When did criticising policy make you a target of the state?
Why is a secret government unit policing public opinion?
What exactly is happening behind the scenes in government?
A secretive government unit, empowered by the Online Safety Act, is quietly flagging and suppressing online criticism of immigration policy. It operates behind closed doors. It is unelected. It is unaccountable. And it is being used to control the narrative under the guise of safety.
A front page Telegraph exposé, titled "Exposed: Labour’s plot to silence migrant hotel critics"reveals disturbing details .
https://www.telegraph.co.uk/news/2025/07/31/exposed-labour-plot-silence-migrant-hotel-critics/
The article uncovers that a secretive Whitehall unit called NSOIT (the National Security and Online Information Team), formerly known as the Counter Disinformation Unit, has been used by Labour ministers in the Department for Science, Innovation and Technology (DSIT) to flag and monitor social media posts that criticised migrant hotels, asylum seekers, or raised concerns about “two-tier policing.”

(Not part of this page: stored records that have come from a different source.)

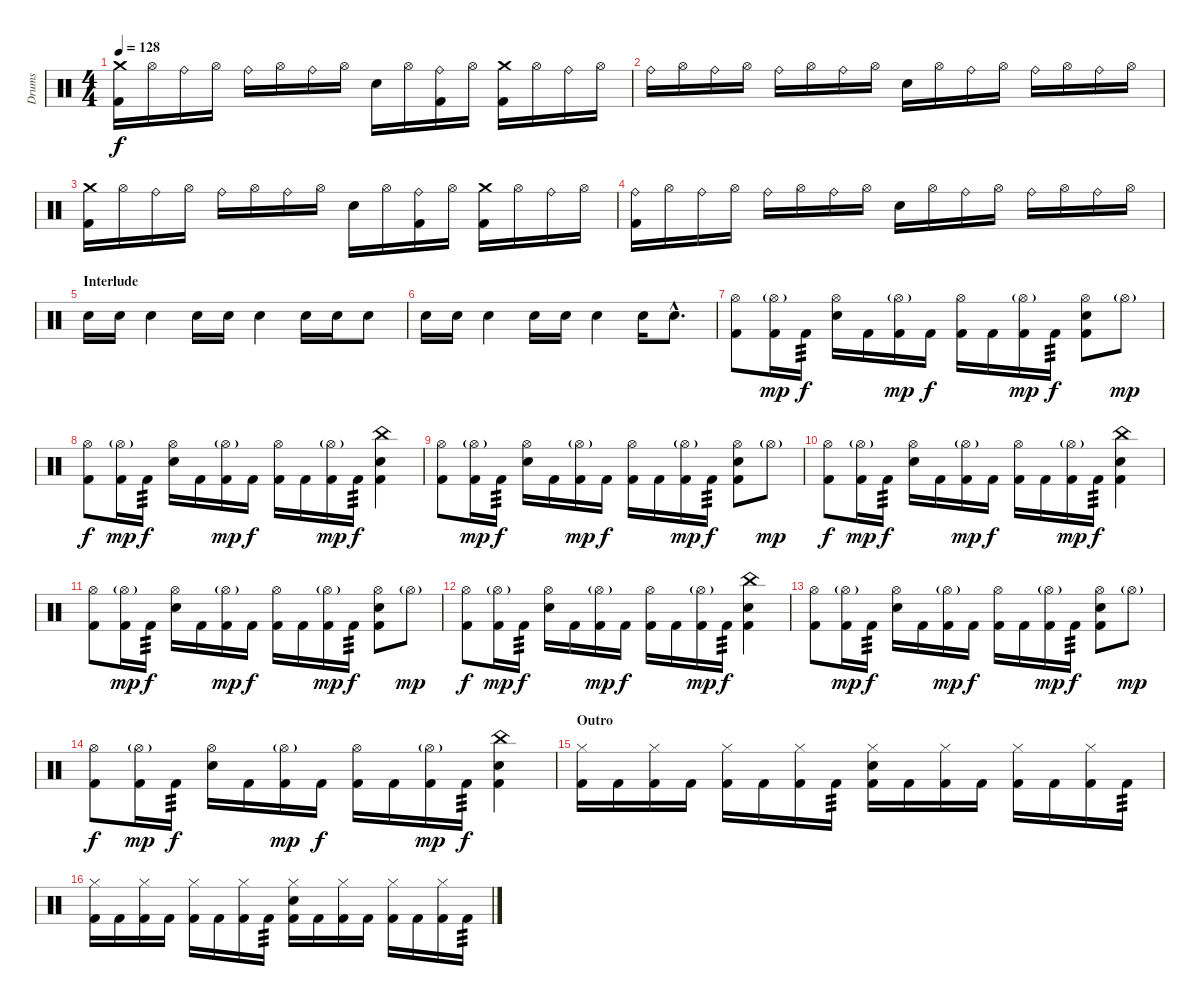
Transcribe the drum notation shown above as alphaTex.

\track ("Drums" "Drums") {instrument percussion}
\staff {score}
\articulation defaults
\ts (4 4)
\tempo 128
\clef neutral
\ks c
("Crash medium (hit)" "Kick (hit) 2").16{dy f} "Hi-Hat (open)".16 "Ride (bell)".16 "Hi-Hat (open)".16 "Ride (bell)".16 "Hi-Hat (open)".16 "Ride (bell)".16 "Hi-Hat (open)".16 "Snare (hit) 2".16 "Hi-Hat (open)".16 ("Ride (bell)" "Kick (hit) 2").16 "Hi-Hat (open)".16 ("Crash medium (hit)" "Kick (hit) 2").16 "Hi-Hat (open)".16 "Ride (bell)".16 "Hi-Hat (open)".16 |
"Ride (bell)".16 "Hi-Hat (open)".16 "Ride (bell)".16 "Hi-Hat (open)".16 "Ride (bell)".16 "Hi-Hat (open)".16 "Ride (bell)".16 "Hi-Hat (open)".16 "Snare (hit) 2".16 "Hi-Hat (open)".16 "Ride (bell)".16 "Hi-Hat (open)".16 "Ride (bell)".16 "Hi-Hat (open)".16 "Ride (bell)".16 "Hi-Hat (open)".16 |
("Crash medium (hit)" "Kick (hit) 2").16 "Hi-Hat (open)".16 "Ride (bell)".16 "Hi-Hat (open)".16 "Ride (bell)".16 "Hi-Hat (open)".16 "Ride (bell)".16 "Hi-Hat (open)".16 "Snare (hit) 2".16 "Hi-Hat (open)".16 ("Ride (bell)" "Kick (hit) 2").16 "Hi-Hat (open)".16 ("Crash medium (hit)" "Kick (hit) 2").16 "Hi-Hat (open)".16 "Ride (bell)".16 "Hi-Hat (open)".16 |
("Ride (bell)" "Kick (hit) 2").16 "Hi-Hat (open)".16 "Ride (bell)".16 "Hi-Hat (open)".16 "Ride (bell)".16 "Hi-Hat (open)".16 "Ride (bell)".16 "Hi-Hat (open)".16 "Snare (hit) 2".16 "Hi-Hat (open)".16 "Ride (bell)".16 "Hi-Hat (open)".16 "Ride (bell)".16 "Hi-Hat (open)".16 "Ride (bell)".16 "Hi-Hat (open)".16 |
\section ("" "Interlude")
"Snare (hit) 2".16 "Snare (hit) 2".16 "Snare (hit) 2".4 "Snare (hit) 2".16 "Snare (hit) 2".16 "Snare (hit) 2".4 "Snare (hit) 2".16 "Snare (hit) 2".16 "Snare (hit) 2".8 |
"Snare (hit) 2".16 "Snare (hit) 2".16 "Snare (hit) 2".4 "Snare (hit) 2".16 "Snare (hit) 2".16 "Snare (hit) 2".4 "Snare (hit) 2".16 "Snare (hit) 2"{hac}.8{d} |
("Hi-Hat (open)" "Kick (hit) 2").8 ("Hi-Hat (open)"{g} "Kick (hit) 2").16{dy mp} "Kick (hit) 2".16{tp 3 dy f} ("Hi-Hat (open)" "Snare (hit) 2").16 "Kick (hit) 2".16 ("Hi-Hat (open)"{g} "Kick (hit) 2").16{dy mp} "Kick (hit) 2".16{dy f} ("Hi-Hat (open)" "Kick (hit) 2").16 "Kick (hit) 2".16 ("Hi-Hat (open)"{g} "Kick (hit) 2").16{dy mp} "Kick (hit) 2".16{tp 3 dy f} ("Hi-Hat (open)" "Snare (hit) 2" "Kick (hit) 2").8 "Hi-Hat (open)"{g}.8{dy mp} |
("Hi-Hat (open)" "Kick (hit) 2").8{dy f} ("Hi-Hat (open)"{g} "Kick (hit) 2").16{dy mp} "Kick (hit) 2".16{tp 3 dy f} ("Hi-Hat (open)" "Snare (hit) 2").16 "Kick (hit) 2".16 ("Hi-Hat (open)"{g} "Kick (hit) 2").16{dy mp} "Kick (hit) 2".16{dy f} ("Hi-Hat (open)" "Kick (hit) 2").16 "Kick (hit) 2".16 ("Hi-Hat (open)"{g} "Kick (hit) 2").16{dy mp} "Kick (hit) 2".16{tp 3 dy f} ("China (hit)" "Snare (hit) 2" "Kick (hit) 2").4 |
("Hi-Hat (open)" "Kick (hit) 2").8 ("Hi-Hat (open)"{g} "Kick (hit) 2").16{dy mp} "Kick (hit) 2".16{tp 3 dy f} ("Hi-Hat (open)" "Snare (hit) 2").16 "Kick (hit) 2".16 ("Hi-Hat (open)"{g} "Kick (hit) 2").16{dy mp} "Kick (hit) 2".16{dy f} ("Hi-Hat (open)" "Kick (hit) 2").16 "Kick (hit) 2".16 ("Hi-Hat (open)"{g} "Kick (hit) 2").16{dy mp} "Kick (hit) 2".16{tp 3 dy f} ("Hi-Hat (open)" "Snare (hit) 2" "Kick (hit) 2").8 "Hi-Hat (open)"{g}.8{dy mp} |
("Hi-Hat (open)" "Kick (hit) 2").8{dy f} ("Hi-Hat (open)"{g} "Kick (hit) 2").16{dy mp} "Kick (hit) 2".16{tp 3 dy f} ("Hi-Hat (open)" "Snare (hit) 2").16 "Kick (hit) 2".16 ("Hi-Hat (open)"{g} "Kick (hit) 2").16{dy mp} "Kick (hit) 2".16{dy f} ("Hi-Hat (open)" "Kick (hit) 2").16 "Kick (hit) 2".16 ("Hi-Hat (open)"{g} "Kick (hit) 2").16{dy mp} "Kick (hit) 2".16{tp 3 dy f} ("China (hit)" "Snare (hit) 2" "Kick (hit) 2").4 |
("Hi-Hat (open)" "Kick (hit) 2").8 ("Hi-Hat (open)"{g} "Kick (hit) 2").16{dy mp} "Kick (hit) 2".16{tp 3 dy f} ("Hi-Hat (open)" "Snare (hit) 2").16 "Kick (hit) 2".16 ("Hi-Hat (open)"{g} "Kick (hit) 2").16{dy mp} "Kick (hit) 2".16{dy f} ("Hi-Hat (open)" "Kick (hit) 2").16 "Kick (hit) 2".16 ("Hi-Hat (open)"{g} "Kick (hit) 2").16{dy mp} "Kick (hit) 2".16{tp 3 dy f} ("Hi-Hat (open)" "Snare (hit) 2" "Kick (hit) 2").8 "Hi-Hat (open)"{g}.8{dy mp} |
("Hi-Hat (open)" "Kick (hit) 2").8{dy f} ("Hi-Hat (open)"{g} "Kick (hit) 2").16{dy mp} "Kick (hit) 2".16{tp 3 dy f} ("Hi-Hat (open)" "Snare (hit) 2").16 "Kick (hit) 2".16 ("Hi-Hat (open)"{g} "Kick (hit) 2").16{dy mp} "Kick (hit) 2".16{dy f} ("Hi-Hat (open)" "Kick (hit) 2").16 "Kick (hit) 2".16 ("Hi-Hat (open)"{g} "Kick (hit) 2").16{dy mp} "Kick (hit) 2".16{tp 3 dy f} ("China (hit)" "Snare (hit) 2" "Kick (hit) 2").4 |
("Hi-Hat (open)" "Kick (hit) 2").8 ("Hi-Hat (open)"{g} "Kick (hit) 2").16{dy mp} "Kick (hit) 2".16{tp 3 dy f} ("Hi-Hat (open)" "Snare (hit) 2").16 "Kick (hit) 2".16 ("Hi-Hat (open)"{g} "Kick (hit) 2").16{dy mp} "Kick (hit) 2".16{dy f} ("Hi-Hat (open)" "Kick (hit) 2").16 "Kick (hit) 2".16 ("Hi-Hat (open)"{g} "Kick (hit) 2").16{dy mp} "Kick (hit) 2".16{tp 3 dy f} ("Hi-Hat (open)" "Snare (hit) 2" "Kick (hit) 2").8 "Hi-Hat (open)"{g}.8{dy mp} |
("Hi-Hat (open)" "Kick (hit) 2").8{dy f} ("Hi-Hat (open)"{g} "Kick (hit) 2").16{dy mp} "Kick (hit) 2".16{tp 3 dy f} ("Hi-Hat (open)" "Snare (hit) 2").16 "Kick (hit) 2".16 ("Hi-Hat (open)"{g} "Kick (hit) 2").16{dy mp} "Kick (hit) 2".16{dy f} ("Hi-Hat (open)" "Kick (hit) 2").16 "Kick (hit) 2".16 ("Hi-Hat (open)"{g} "Kick (hit) 2").16{dy mp} "Kick (hit) 2".16{tp 3 dy f} ("China (hit)" "Snare (hit) 2" "Kick (hit) 2").4 |
\section ("" "Outro")
("Hi-Hat (closed)" "Kick (hit) 2").16 "Kick (hit) 2".16 ("Hi-Hat (closed)" "Kick (hit) 2").16 "Kick (hit) 2".16 ("Hi-Hat (closed)" "Kick (hit) 2").16 "Kick (hit) 2".16 ("Hi-Hat (closed)" "Kick (hit) 2").16 "Kick (hit) 2".16{tp 3} ("Hi-Hat (closed)" "Snare (hit) 2" "Kick (hit) 2").16 "Kick (hit) 2".16 ("Hi-Hat (closed)" "Kick (hit) 2").16 "Kick (hit) 2".16 ("Hi-Hat (closed)" "Kick (hit) 2").16 "Kick (hit) 2".16 ("Hi-Hat (closed)" "Kick (hit) 2").16 "Kick (hit) 2".16{tp 3} |
("Hi-Hat (closed)" "Kick (hit) 2").16 "Kick (hit) 2".16 ("Hi-Hat (closed)" "Kick (hit) 2").16 "Kick (hit) 2".16 ("Hi-Hat (closed)" "Kick (hit) 2").16 "Kick (hit) 2".16 ("Hi-Hat (closed)" "Kick (hit) 2").16 "Kick (hit) 2".16{tp 3} ("Hi-Hat (closed)" "Snare (hit) 2" "Kick (hit) 2").16 "Kick (hit) 2".16 ("Hi-Hat (closed)" "Kick (hit) 2").16 "Kick (hit) 2".16 ("Hi-Hat (closed)" "Kick (hit) 2").16 "Kick (hit) 2".16 ("Hi-Hat (closed)" "Kick (hit) 2").16 "Kick (hit) 2".16{tp 3}
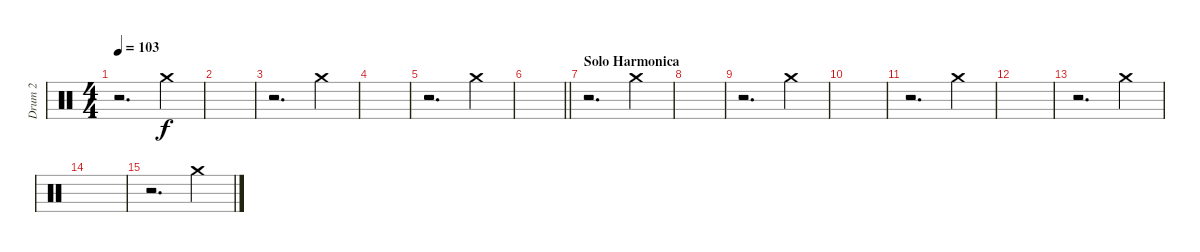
\track ("Drum 2" "Drum 2") {instrument percussion}
\staff {score}
\articulation defaults
\ts (4 4)
\tempo 103
\clef neutral
\ks c
r.2{d dy f} "Crash medium (hit)".4 |
|
r.2{d} "Crash medium (hit)".4 |
|
r.2{d} "Crash medium (hit)".4 |
\barLineRight lightlight
|
\section ("" "Solo Harmonica")
r.2{d} "Crash medium (hit)".4 |
|
r.2{d} "Crash medium (hit)".4 |
|
r.2{d} "Crash medium (hit)".4 |
|
r.2{d} "Crash medium (hit)".4 |
|
r.2{d} "Crash medium (hit)".4

According to internal government emails dated August 3 - 4, 2024, during the peak of the Southport riots, officials actively flagged posts with “concerning narratives,” warning that they might inflame public tensions. These posts were then forwarded to platforms like TikTok, many of them labelled as urgent, despite simply reporting factual information such as hotel locations or referring to asylum seekers as “undocumented fighting-age males”.
One flagged example involved a user sharing a Freedom of Information (FOI) rejection letter regarding migrant hotel sites. Another was a video captioned “Looks like Islamabad but it’s Manchester,” flagged for fuelling racial stereotypes, yet still not unlawful under current speech laws.
Although the government insists it did not request content removals, civil liberties advocates, including Big Brother Watch and the Free Speech Union, argue that this behaviour amounts to censorship of lawful dissent, carried out by unelected officials with no statutory oversight, using the infrastructure created by the Online Safety Act.
This has the fingerprints of the 77th Brigade all over it, covert monitoring, narrative control, and a quiet war on the public's right to speak freely.
This is not safety. It’s censorship and control.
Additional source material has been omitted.